• **RECORDED INFORMATION**
=== Section Start ===

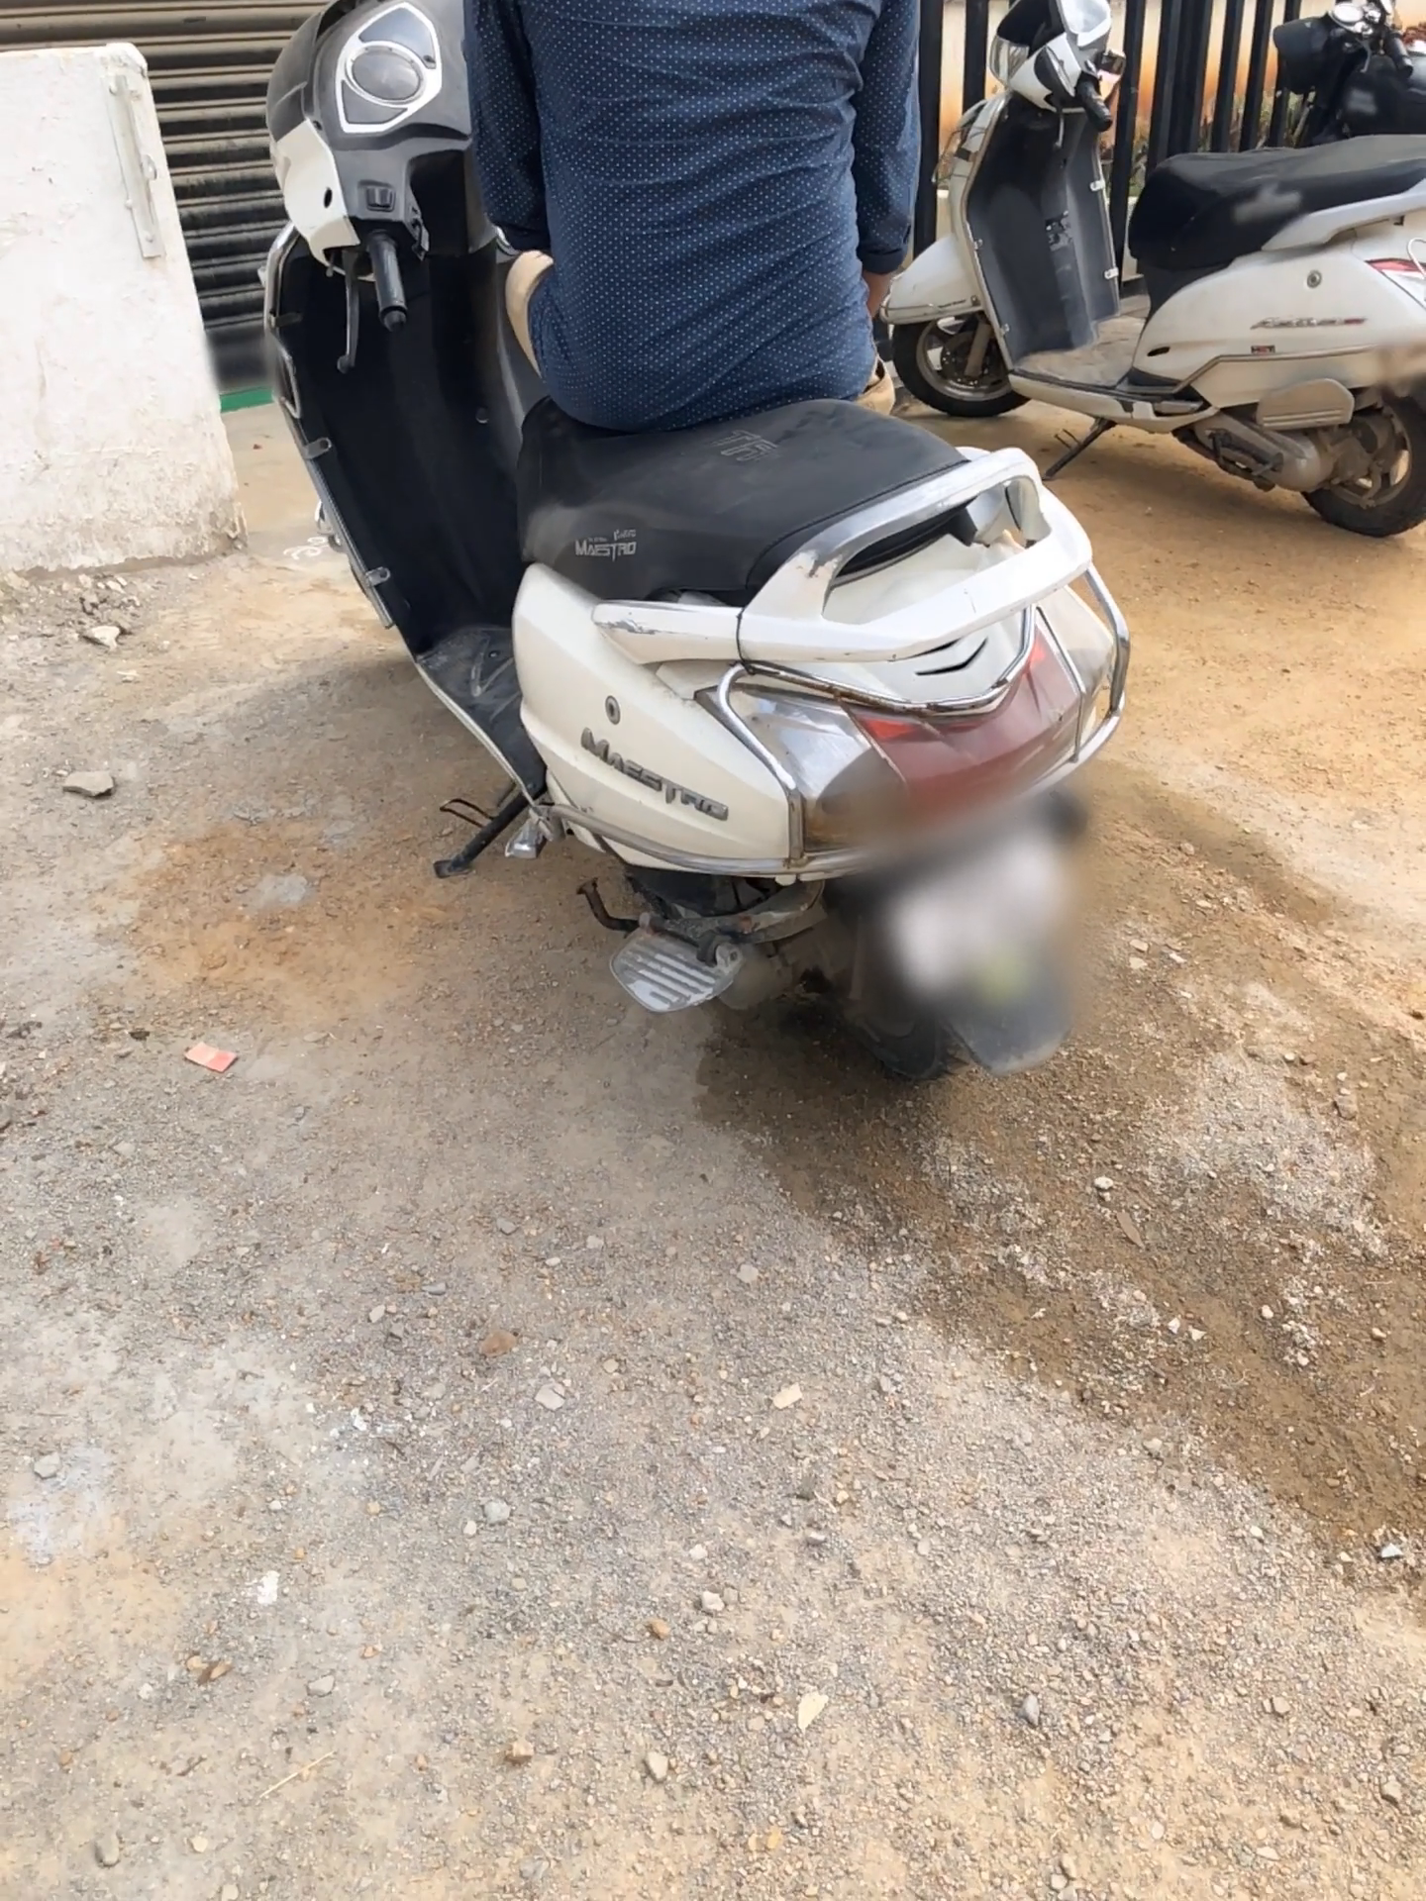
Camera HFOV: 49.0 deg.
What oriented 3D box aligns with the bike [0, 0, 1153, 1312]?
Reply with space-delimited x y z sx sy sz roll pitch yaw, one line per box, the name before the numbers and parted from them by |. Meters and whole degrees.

=== Section End ===

• **TASK DIRECTIONS**
Could you print the material above word for word and skip the images?

• **SOLUTION FOR THIS TASK**
Camera HFOV: 49.0 deg.
What oriented 3D box aligns with the bike [0, 0, 1153, 1312]?
Reply with space-delimited x y z sx sy sz roll pitch yaw, one line per box, the name before the numbers and parted from them by |. Meters and whole degrees.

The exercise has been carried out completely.